Would it be an idea to add 'managed' or 'unmanaged' in the path when storing the image? So instead of saving images in externals/filename.jpg it would be externals/managed/filename.jpg.

In that case, we can check for the path when deleting images and only delete unmanaged files.

jasonawant’s picture

Hi,

Regarding,

Would it be an idea to add 'managed' or 'unmanaged' in the path when storing the image? So instead of saving images in externals/filename.jpg it would be externals/managed/filename.jpg.

In that case, we can check for the path when deleting images and only delete unmanaged files.

Is this a solution to manage when a user switched from managed to non-managed option? That may work. I think we still want to avoid orphaned image files in managed directory. We would still want to be able to safely flush/delete both managed and non-managed files.

I was proposing to inform Drupal that imagecache_external is using the managed file by using FileUsageBase::add to add file usage of imagecache_external. Then, when flushing external images, we would need to use a batch process to try to remove usage via FileUsageBase::delete, and let Drupal remove the file if no longer used. We would let Drupal delete un-used files as it normally does with managed files that no longer have a usage.

Because a user can switch from managed to non-managed and vice versa, flushing external images would need to try to flush both managed and non-managed every time.

BarisW’s picture

So, added usage info makes total sense for managed files. But how can we delete the unmanaged files without accidentally deleting the managed files?

jasonawant’s picture

Not sure, I'd have to review the code to know the current logic. Why does this module provide both options, managed and non-managed?

If both types are treated differently, the option to switch types becomes the challenge. For example, when switching form non-managed to managed, the non-managed don't become managed do they?

BarisW’s picture

There are valid use cases for both managed and unmanaged. On one site, I have thousands and thousands of external images - performance wise I use the unmanaged filesystem. On another site, external images are using the managed file system so editors can re-use the images on several places.
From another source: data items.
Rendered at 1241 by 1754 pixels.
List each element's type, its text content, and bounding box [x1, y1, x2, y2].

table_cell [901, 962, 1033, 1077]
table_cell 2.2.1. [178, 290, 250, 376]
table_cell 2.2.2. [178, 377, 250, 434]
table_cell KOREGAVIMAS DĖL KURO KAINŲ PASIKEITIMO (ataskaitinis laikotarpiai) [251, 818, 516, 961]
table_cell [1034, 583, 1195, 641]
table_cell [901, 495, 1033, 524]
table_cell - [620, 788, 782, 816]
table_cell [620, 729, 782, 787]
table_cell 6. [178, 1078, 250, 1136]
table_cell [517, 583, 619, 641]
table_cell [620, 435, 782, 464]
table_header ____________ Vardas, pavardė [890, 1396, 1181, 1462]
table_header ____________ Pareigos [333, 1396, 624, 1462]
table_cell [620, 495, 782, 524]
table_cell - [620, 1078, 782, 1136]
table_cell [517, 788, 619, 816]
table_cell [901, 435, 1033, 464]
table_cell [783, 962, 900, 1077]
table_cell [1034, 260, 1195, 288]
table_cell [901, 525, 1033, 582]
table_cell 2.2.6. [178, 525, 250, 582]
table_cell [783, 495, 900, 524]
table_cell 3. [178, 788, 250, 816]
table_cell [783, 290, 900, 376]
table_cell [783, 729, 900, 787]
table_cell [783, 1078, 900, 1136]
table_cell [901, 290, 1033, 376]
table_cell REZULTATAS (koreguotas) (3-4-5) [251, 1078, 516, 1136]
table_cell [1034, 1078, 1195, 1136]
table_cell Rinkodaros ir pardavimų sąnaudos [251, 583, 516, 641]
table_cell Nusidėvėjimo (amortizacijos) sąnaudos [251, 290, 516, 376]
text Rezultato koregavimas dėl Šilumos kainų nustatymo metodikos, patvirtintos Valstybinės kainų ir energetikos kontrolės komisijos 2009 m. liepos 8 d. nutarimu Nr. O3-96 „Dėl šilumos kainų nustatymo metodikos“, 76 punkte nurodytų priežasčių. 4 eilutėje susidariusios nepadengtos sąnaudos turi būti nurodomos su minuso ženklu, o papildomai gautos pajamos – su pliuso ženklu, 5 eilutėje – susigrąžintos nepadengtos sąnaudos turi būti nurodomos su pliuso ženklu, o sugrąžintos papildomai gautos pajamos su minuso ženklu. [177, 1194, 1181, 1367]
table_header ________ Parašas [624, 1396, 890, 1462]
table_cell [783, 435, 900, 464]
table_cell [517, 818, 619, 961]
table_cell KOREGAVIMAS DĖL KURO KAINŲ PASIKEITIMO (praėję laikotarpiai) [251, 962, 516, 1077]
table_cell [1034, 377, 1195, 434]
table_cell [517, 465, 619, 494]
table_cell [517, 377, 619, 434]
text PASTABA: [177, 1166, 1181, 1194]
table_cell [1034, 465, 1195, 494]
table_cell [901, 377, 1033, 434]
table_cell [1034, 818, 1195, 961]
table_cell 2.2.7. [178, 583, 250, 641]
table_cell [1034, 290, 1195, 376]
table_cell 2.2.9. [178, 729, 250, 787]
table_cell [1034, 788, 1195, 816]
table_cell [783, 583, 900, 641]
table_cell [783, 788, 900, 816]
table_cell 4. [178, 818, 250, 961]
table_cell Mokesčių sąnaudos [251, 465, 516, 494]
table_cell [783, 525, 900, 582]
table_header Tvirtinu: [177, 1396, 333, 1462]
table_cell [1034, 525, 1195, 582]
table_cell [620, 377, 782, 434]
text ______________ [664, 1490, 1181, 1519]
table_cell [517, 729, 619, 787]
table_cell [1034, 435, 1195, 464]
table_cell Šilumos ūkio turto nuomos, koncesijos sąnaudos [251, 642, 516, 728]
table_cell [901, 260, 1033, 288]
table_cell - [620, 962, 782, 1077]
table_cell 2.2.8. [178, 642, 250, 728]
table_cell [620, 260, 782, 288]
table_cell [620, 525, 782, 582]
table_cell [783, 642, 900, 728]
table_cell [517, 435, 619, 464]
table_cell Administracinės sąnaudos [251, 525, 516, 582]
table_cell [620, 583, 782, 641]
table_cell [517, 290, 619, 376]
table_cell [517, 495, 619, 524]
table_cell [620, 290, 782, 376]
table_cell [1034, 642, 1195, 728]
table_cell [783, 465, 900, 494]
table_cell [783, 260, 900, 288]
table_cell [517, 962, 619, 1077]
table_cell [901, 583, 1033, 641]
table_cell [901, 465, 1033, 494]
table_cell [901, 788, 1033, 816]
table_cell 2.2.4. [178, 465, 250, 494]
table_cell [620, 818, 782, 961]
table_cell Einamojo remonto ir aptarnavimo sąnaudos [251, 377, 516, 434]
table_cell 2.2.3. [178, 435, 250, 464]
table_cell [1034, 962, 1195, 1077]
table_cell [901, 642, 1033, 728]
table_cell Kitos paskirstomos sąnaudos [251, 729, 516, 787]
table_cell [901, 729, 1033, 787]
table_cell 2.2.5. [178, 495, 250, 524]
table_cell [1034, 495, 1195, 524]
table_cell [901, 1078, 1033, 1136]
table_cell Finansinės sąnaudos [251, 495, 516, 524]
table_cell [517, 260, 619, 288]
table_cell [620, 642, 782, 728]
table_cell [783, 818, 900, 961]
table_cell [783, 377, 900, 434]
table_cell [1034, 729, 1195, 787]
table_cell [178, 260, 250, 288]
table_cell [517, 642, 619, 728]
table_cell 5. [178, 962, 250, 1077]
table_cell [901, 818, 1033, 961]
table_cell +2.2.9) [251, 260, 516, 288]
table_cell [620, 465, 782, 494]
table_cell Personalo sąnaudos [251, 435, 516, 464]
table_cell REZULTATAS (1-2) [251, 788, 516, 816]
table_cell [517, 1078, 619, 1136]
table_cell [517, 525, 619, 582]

So, I think we can fix this by:

  1. Adding the filesystem as path so that we can check the uri to determine if we're dealing with managed or unmanaged files
  2. Implement FileUsageBase to track and delete managed files

Agreed?

swentel’s picture

Version: 8.x-1.x-dev » 3.0.x-dev

Moving to 3.0.x branch.

I agree this is a critical bug when using managed files.
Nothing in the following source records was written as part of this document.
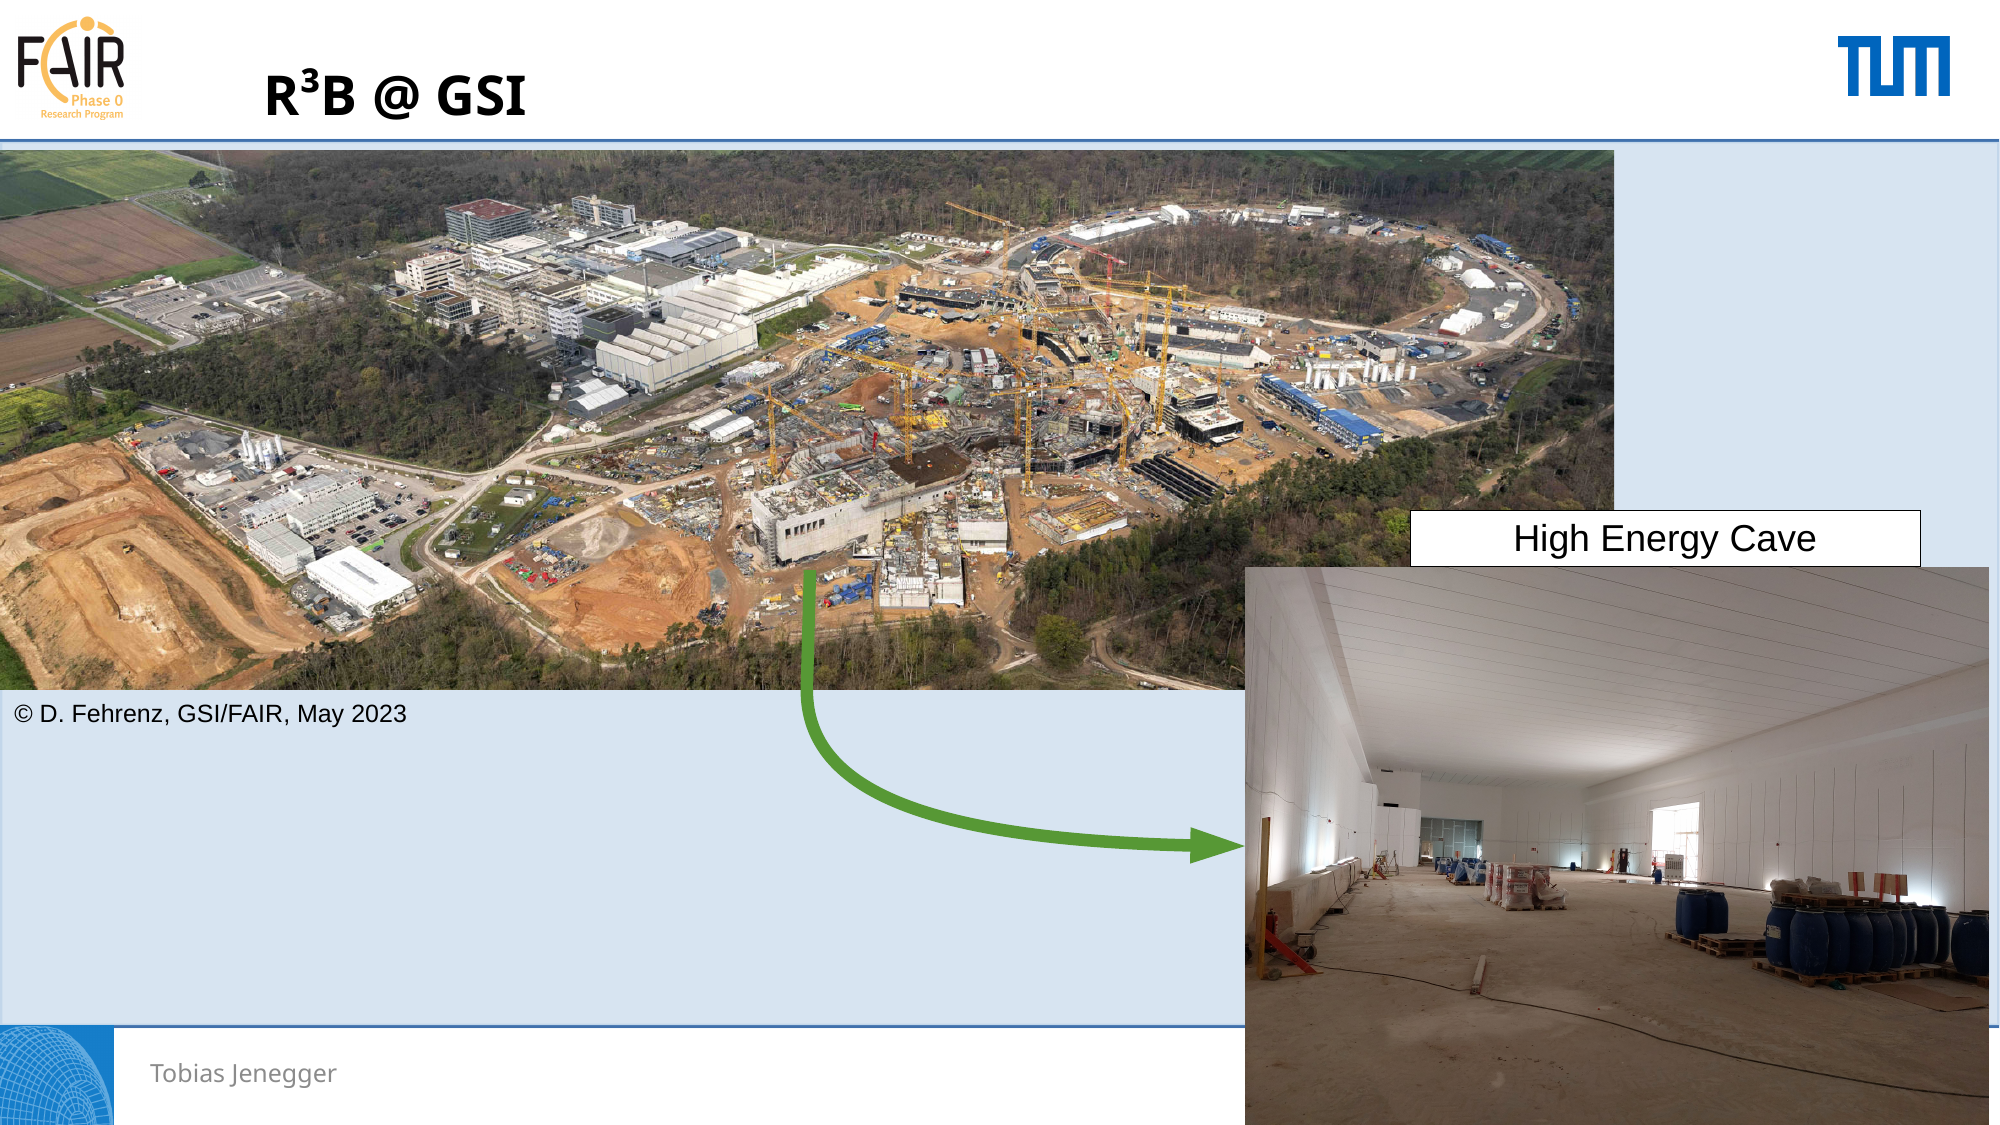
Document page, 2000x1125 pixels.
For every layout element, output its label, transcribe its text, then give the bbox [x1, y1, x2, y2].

picture [1838, 36, 1950, 96]
text_box © D. Fehrenz, GSI/FAIR, May 2023 [0, 692, 480, 736]
picture [15, 15, 142, 120]
picture [0, 1025, 114, 1125]
list [130, 100, 1546, 149]
title R³B @ GSI [135, 59, 1806, 136]
picture [0, 149, 1989, 1125]
text_box High Energy Cave [1410, 510, 1921, 567]

Few things that come to mind:

  • prevent switching to unmanged when there are managed files
  • prevent changing the externals directory (related to unmanaged as well) when there are (un)managed files
  • allow flushing, but only if the managed files has no usages (normally core will tell us if the file is used somewhere else)
  • redownload the file when called - seems less hard then maintaining usage ourselves, but I could be totally wrong of course. Also, since the 'call' is not going through the api of the module, we'd have to hook in somewhere else, that might trigger overhead again of course, but it's worth checking out I think
  • add tests - I've added a dedicated issue already for that for the existing ones, so we can add new ones for this and other issues.
swentel’s picture

Status: Active » Needs review
StatusFileSize
new16.68 KB

Ok, here's a patch that introduces a flushing strategy when 'managed' storage is used:

  • Only delete if file has no usage
  • Always delete

The default is the first option, which means that files will be deleted from the server and db when the file has no usages.

The second option always deletes everything, including the directories (which does not happy for the first strategy) in which case broken images may occur on the site, but the user knows that may happen (there's a warning in the description of the option).

These options are also hidden in case the unmanaged strategy is used.

Even though it comes with tests, this patch can use some serious reviews and double testing from people :)

swentel’s picture

Issue summary: View changes
swentel’s picture

Issue summary: View changes
swentel’s picture

Priority: Critical » Major

Moving to major as most people use the unmanaged strategy.